The entries must be restated exactly as written.

Stored records:
******

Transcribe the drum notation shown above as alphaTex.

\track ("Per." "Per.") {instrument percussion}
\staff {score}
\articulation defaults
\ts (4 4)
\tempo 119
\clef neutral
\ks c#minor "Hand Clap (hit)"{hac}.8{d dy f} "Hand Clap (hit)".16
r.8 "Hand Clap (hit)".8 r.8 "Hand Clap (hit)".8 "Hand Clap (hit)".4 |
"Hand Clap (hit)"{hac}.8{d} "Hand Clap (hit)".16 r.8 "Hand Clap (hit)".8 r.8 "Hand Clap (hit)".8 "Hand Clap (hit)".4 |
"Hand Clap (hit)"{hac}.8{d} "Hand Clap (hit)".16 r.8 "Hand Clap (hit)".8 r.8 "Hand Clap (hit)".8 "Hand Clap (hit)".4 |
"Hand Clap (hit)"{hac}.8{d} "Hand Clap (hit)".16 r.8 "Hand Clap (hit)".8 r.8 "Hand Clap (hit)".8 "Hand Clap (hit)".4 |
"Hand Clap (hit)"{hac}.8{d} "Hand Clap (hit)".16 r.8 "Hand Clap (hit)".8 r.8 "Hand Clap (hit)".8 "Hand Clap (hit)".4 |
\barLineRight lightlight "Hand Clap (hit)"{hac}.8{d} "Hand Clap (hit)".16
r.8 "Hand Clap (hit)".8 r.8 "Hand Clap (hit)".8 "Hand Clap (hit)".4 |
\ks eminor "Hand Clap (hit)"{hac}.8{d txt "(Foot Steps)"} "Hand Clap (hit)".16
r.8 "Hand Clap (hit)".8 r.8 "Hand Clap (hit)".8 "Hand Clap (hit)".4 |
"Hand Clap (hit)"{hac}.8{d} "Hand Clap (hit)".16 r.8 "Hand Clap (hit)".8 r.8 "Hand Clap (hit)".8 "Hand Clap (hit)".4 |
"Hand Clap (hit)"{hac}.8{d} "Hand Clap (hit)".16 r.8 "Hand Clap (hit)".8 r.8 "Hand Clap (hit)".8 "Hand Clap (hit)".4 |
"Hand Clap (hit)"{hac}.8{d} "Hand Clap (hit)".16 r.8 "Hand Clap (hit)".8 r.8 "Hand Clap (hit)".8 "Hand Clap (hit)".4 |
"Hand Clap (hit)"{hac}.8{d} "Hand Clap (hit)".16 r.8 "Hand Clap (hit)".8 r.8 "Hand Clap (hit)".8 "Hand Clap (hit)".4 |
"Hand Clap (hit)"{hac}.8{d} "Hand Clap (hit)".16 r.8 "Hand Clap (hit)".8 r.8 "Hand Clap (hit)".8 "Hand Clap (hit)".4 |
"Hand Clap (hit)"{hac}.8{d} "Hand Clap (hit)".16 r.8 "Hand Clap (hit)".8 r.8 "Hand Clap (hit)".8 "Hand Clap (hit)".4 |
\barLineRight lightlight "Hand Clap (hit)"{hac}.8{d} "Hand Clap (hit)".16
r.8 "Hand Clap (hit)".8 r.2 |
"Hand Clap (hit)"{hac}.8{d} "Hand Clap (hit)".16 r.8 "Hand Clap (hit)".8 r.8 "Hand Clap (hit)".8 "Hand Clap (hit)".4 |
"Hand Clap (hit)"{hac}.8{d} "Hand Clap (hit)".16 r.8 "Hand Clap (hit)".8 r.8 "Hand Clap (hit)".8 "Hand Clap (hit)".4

******

REPLY:
Transcribe the drum notation shown above as alphaTex.

\track ("Per." "Per.") {instrument percussion}
\staff {score}
\articulation defaults
\ts (4 4)
\tempo 119
\clef neutral
\ks c#minor "Hand Clap (hit)"{hac}.8{d dy f} "Hand Clap (hit)".16
r.8 "Hand Clap (hit)".8 r.8 "Hand Clap (hit)".8 "Hand Clap (hit)".4 |
"Hand Clap (hit)"{hac}.8{d} "Hand Clap (hit)".16 r.8 "Hand Clap (hit)".8 r.8 "Hand Clap (hit)".8 "Hand Clap (hit)".4 |
"Hand Clap (hit)"{hac}.8{d} "Hand Clap (hit)".16 r.8 "Hand Clap (hit)".8 r.8 "Hand Clap (hit)".8 "Hand Clap (hit)".4 |
"Hand Clap (hit)"{hac}.8{d} "Hand Clap (hit)".16 r.8 "Hand Clap (hit)".8 r.8 "Hand Clap (hit)".8 "Hand Clap (hit)".4 |
"Hand Clap (hit)"{hac}.8{d} "Hand Clap (hit)".16 r.8 "Hand Clap (hit)".8 r.8 "Hand Clap (hit)".8 "Hand Clap (hit)".4 |
\barLineRight lightlight "Hand Clap (hit)"{hac}.8{d} "Hand Clap (hit)".16
r.8 "Hand Clap (hit)".8 r.8 "Hand Clap (hit)".8 "Hand Clap (hit)".4 |
\ks eminor "Hand Clap (hit)"{hac}.8{d txt "(Foot Steps)"} "Hand Clap (hit)".16
r.8 "Hand Clap (hit)".8 r.8 "Hand Clap (hit)".8 "Hand Clap (hit)".4 |
"Hand Clap (hit)"{hac}.8{d} "Hand Clap (hit)".16 r.8 "Hand Clap (hit)".8 r.8 "Hand Clap (hit)".8 "Hand Clap (hit)".4 |
"Hand Clap (hit)"{hac}.8{d} "Hand Clap (hit)".16 r.8 "Hand Clap (hit)".8 r.8 "Hand Clap (hit)".8 "Hand Clap (hit)".4 |
"Hand Clap (hit)"{hac}.8{d} "Hand Clap (hit)".16 r.8 "Hand Clap (hit)".8 r.8 "Hand Clap (hit)".8 "Hand Clap (hit)".4 |
"Hand Clap (hit)"{hac}.8{d} "Hand Clap (hit)".16 r.8 "Hand Clap (hit)".8 r.8 "Hand Clap (hit)".8 "Hand Clap (hit)".4 |
"Hand Clap (hit)"{hac}.8{d} "Hand Clap (hit)".16 r.8 "Hand Clap (hit)".8 r.8 "Hand Clap (hit)".8 "Hand Clap (hit)".4 |
"Hand Clap (hit)"{hac}.8{d} "Hand Clap (hit)".16 r.8 "Hand Clap (hit)".8 r.8 "Hand Clap (hit)".8 "Hand Clap (hit)".4 |
\barLineRight lightlight "Hand Clap (hit)"{hac}.8{d} "Hand Clap (hit)".16
r.8 "Hand Clap (hit)".8 r.2 |
"Hand Clap (hit)"{hac}.8{d} "Hand Clap (hit)".16 r.8 "Hand Clap (hit)".8 r.8 "Hand Clap (hit)".8 "Hand Clap (hit)".4 |
"Hand Clap (hit)"{hac}.8{d} "Hand Clap (hit)".16 r.8 "Hand Clap (hit)".8 r.8 "Hand Clap (hit)".8 "Hand Clap (hit)".4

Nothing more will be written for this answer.